Lihui Liu, Yuzhong Chen, Mahashweta Das, Hao Yang, and Hanghang Tong. 2023. Knowledge Graph Question Answering with Ambiguous Query. In Proceedings of the ACM Web Conference 2023 (WWW '23). Association for Computing Machinery, New York, NY, USA, 2477–2486. https://doi.org/10.1145/3543507.3583316

Abs -> 1 -> 6 -> 2 -> 5 -> 4 -> 3

ABSTRACT

In the vast majority of the existing works, the input queries are considered perfect and can precisely express the user’s query intention. However, in reality, input queries might be ambiguous and elusive which only contain a limited amount of information.

[Consultas em palavras chaves? Consultas como perguntas "completas"? Consultas em liguagem GQL?]
[Na minha pesquisa consideramos que as consultas, de qualquer tipo, são potencialmente incompletas em relação ao contexto (implícito) uma vez que o próprio usuário / aplicação pode desconhecer o contexto que se aplica ás alegações de interesse. Mas as respostas serão o mais contextualizadas possível através do mapeamento do contexto explícito e das regras para inferir contexto implícito]

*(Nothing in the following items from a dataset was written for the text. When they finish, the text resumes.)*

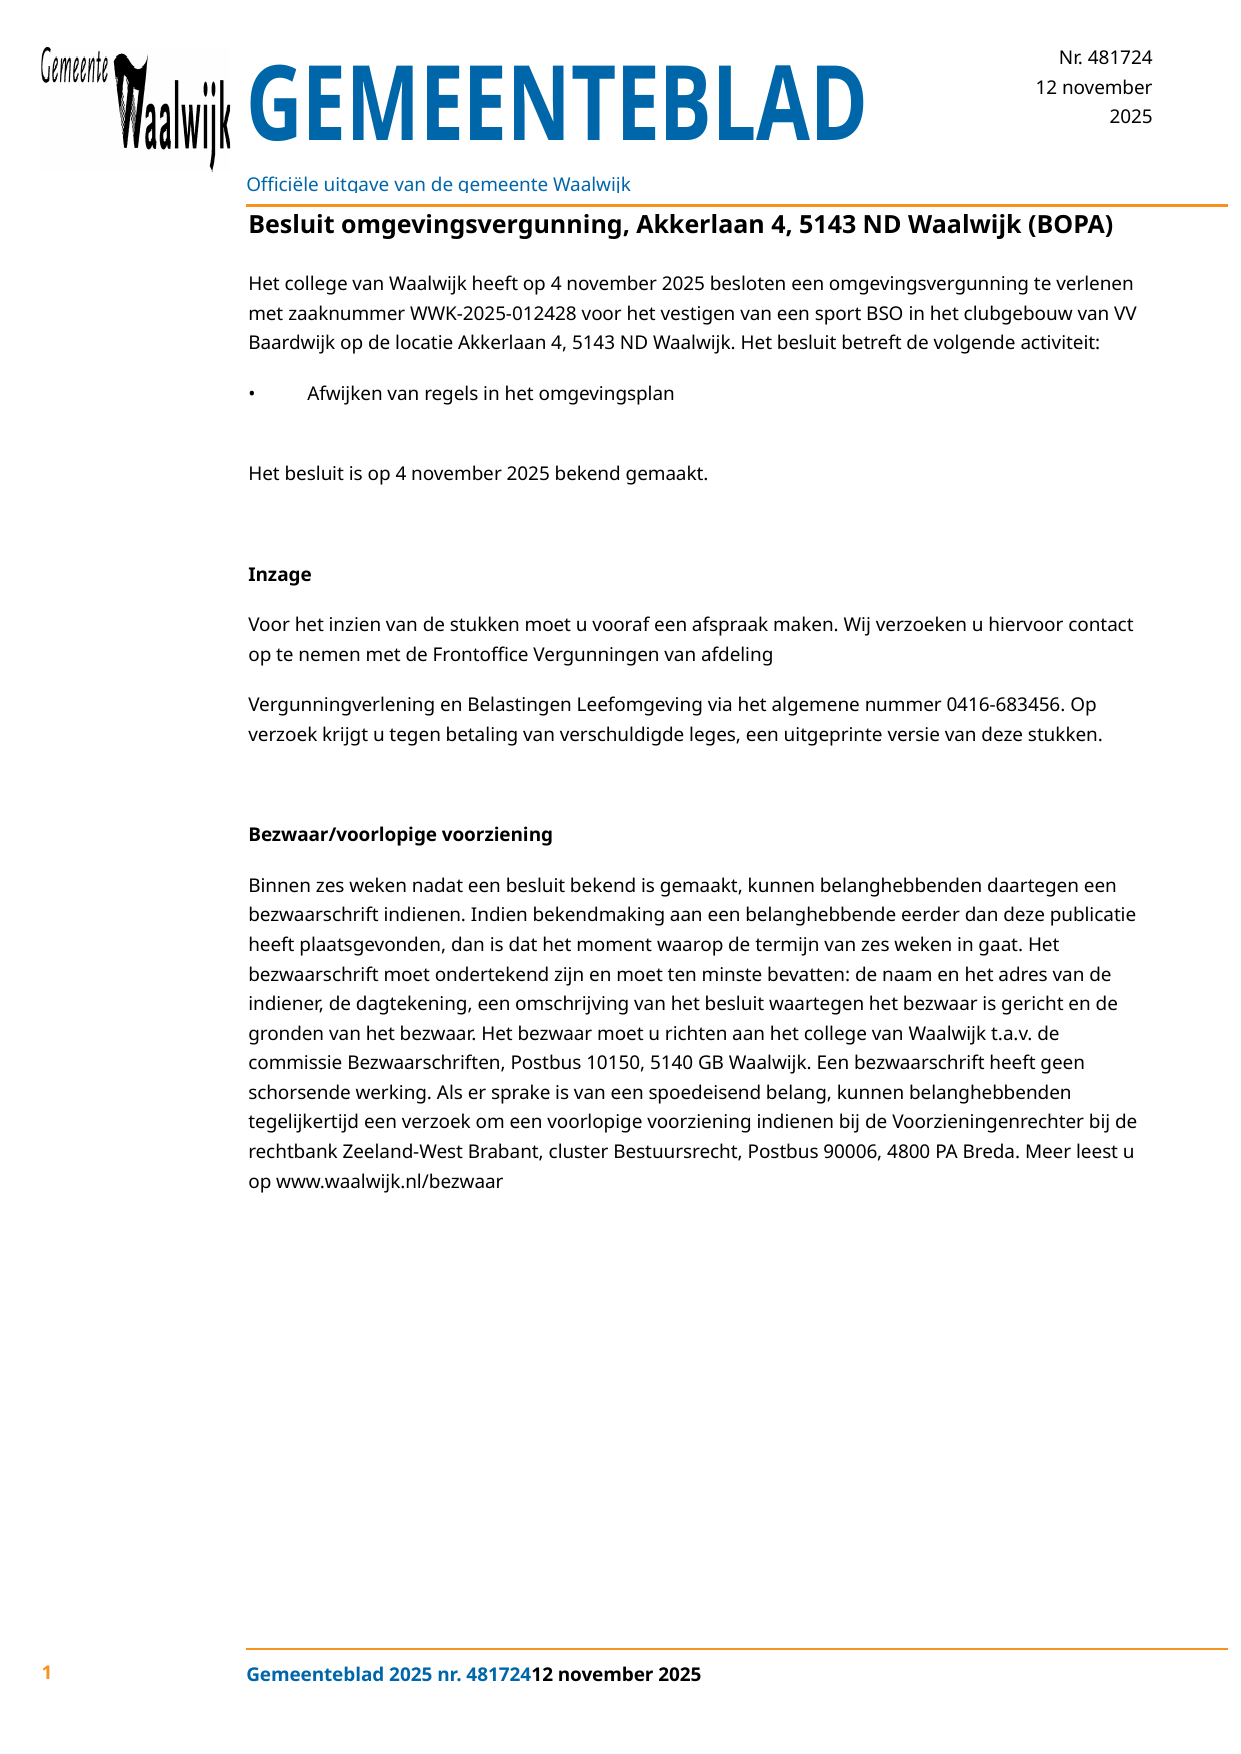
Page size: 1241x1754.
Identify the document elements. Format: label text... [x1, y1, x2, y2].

text Vergunningverlening en Belastingen Leefomgeving via het algemene nummer 0416-683456. Op verzoek krijgt u tegen betaling van verschuldigde leges, een uitgeprinte versie van deze stukken. [248, 691, 1152, 746]
text Voor het inzien van de stukken moet u vooraf een afspraak maken. Wij verzoeken u hiervoor contact op te nemen met de Frontoffice Vergunningen van afdeling [248, 611, 1152, 666]
list Afwijken van regels in het omgevingsplan [248, 380, 1152, 406]
text Besluit omgevingsvergunning, Akkerlaan 4, 5143 ND Waalwijk (BOPA) [248, 207, 1152, 241]
text Bezwaar/voorlopige voorziening [248, 822, 1152, 847]
text Inzage [248, 561, 1152, 586]
text Het college van Waalwijk heeft op 4 november 2025 besloten een omgevingsvergunning te verlenen met zaaknummer WWK-2025-012428 voor het vestigen van een sport BSO in het clubgebouw van VV Baardwijk op de locatie Akkerlaan 4, 5143 ND Waalwijk. Het besluit betreft de volgende activiteit: [248, 270, 1152, 355]
picture [41, 47, 231, 172]
text Het besluit is op 4 november 2025 bekend gemaakt. [248, 460, 1152, 486]
text Binnen zes weken nadat een besluit bekend is gemaakt, kunnen belanghebbenden daartegen een bezwaarschrift indienen. Indien bekendmaking aan een belanghebbende eerder dan deze publicatie heeft plaatsgevonden, dan is dat het moment waarop de termijn van zes weken in gaat. Het bezwaarschrift moet ondertekend zijn en moet ten minste bevatten: de naam en het adres van de indiener, de dagtekening, een omschrijving van het besluit waartegen het bezwaar is gericht en de gronden van het bezwaar. Het bezwaar moet u richten aan het college van Waalwijk t.a.v. de commissie Bezwaarschriften, Postbus 10150, 5140 GB Waalwijk. Een bezwaarschrift heeft geen schorsende werking. Als er sprake is van een spoedeisend belang, kunnen belanghebbenden tegelijkertijd een verzoek om een voorlopige voorziening indienen bij de Voorzieningenrechter bij de rechtbank Zeeland-West Brabant, cluster Bestuursrecht, Postbus 90006, 4800 PA Breda. Meer leest u op www.waalwijk.nl/bezwaar [248, 872, 1152, 1193]

In this paper, we propose PReFNet which focuses on answering ambiguous queries with pseudo relevance feedback on knowledge graphs. In order to leverage the hidden (pseudo) relevance information existed in the results that are initially returned from a given query, .... The inferred high quality queries will be returned to the users to help them search with ease.

[Seria reescrita ou expansão de consulta para sugerir ao usuário? Reescrita com geração de respostas]

1 INTRODUCTION

A knowledge graph is a graph data structure which contains a multitude of triples denoting real world facts.

[Definição de KG para a pesquisa deles. Não considera Dual OWA, são fatos e não alegações, não cita contexto, baseado em triplas]

Despite the great progress, most works focus on answering defectless queries on knowledge graphs. These queries are assumed to be perfect and can precisely express users’ query intentions. However, this is not true most of the time in real cases for the following reasons. (1) First, the vocabulary of diferent users can vary dramatically. According to a prominent study on the human vocabulary problem [8], about 80-90% of the times two persons will give diferent representations when they are asked to name the same concept [21]. This means the input queries of diferent users could be very diferent from each other. (2) Second, some KGQA methods (e.g., [28] [4]) need to transform the natural language questions to graph queries, and then search the results according to these query graphs. The transformation algorithm may generate queries with inaccurate graph structure. Last but not the least, allowing users to input query graphs directly may introduce additional structural noise or inaccuracy due to their lack of full background knowledge of the underlying KG [21].

[A questão da incompatibilidade terminológica e o processo de conversão da necessidade de informação, pergunta para a query em grafo está fora do escopo da pesquisa (1) e (2). O possível desconhecimento do usuário em relação ao contexto ao formular a consulta é atendido com a abordagem de "Melhor" Resposta Possível uma vez que as alegações da respostas são contextualizadas com o contexto explícito e implícito (inferido)]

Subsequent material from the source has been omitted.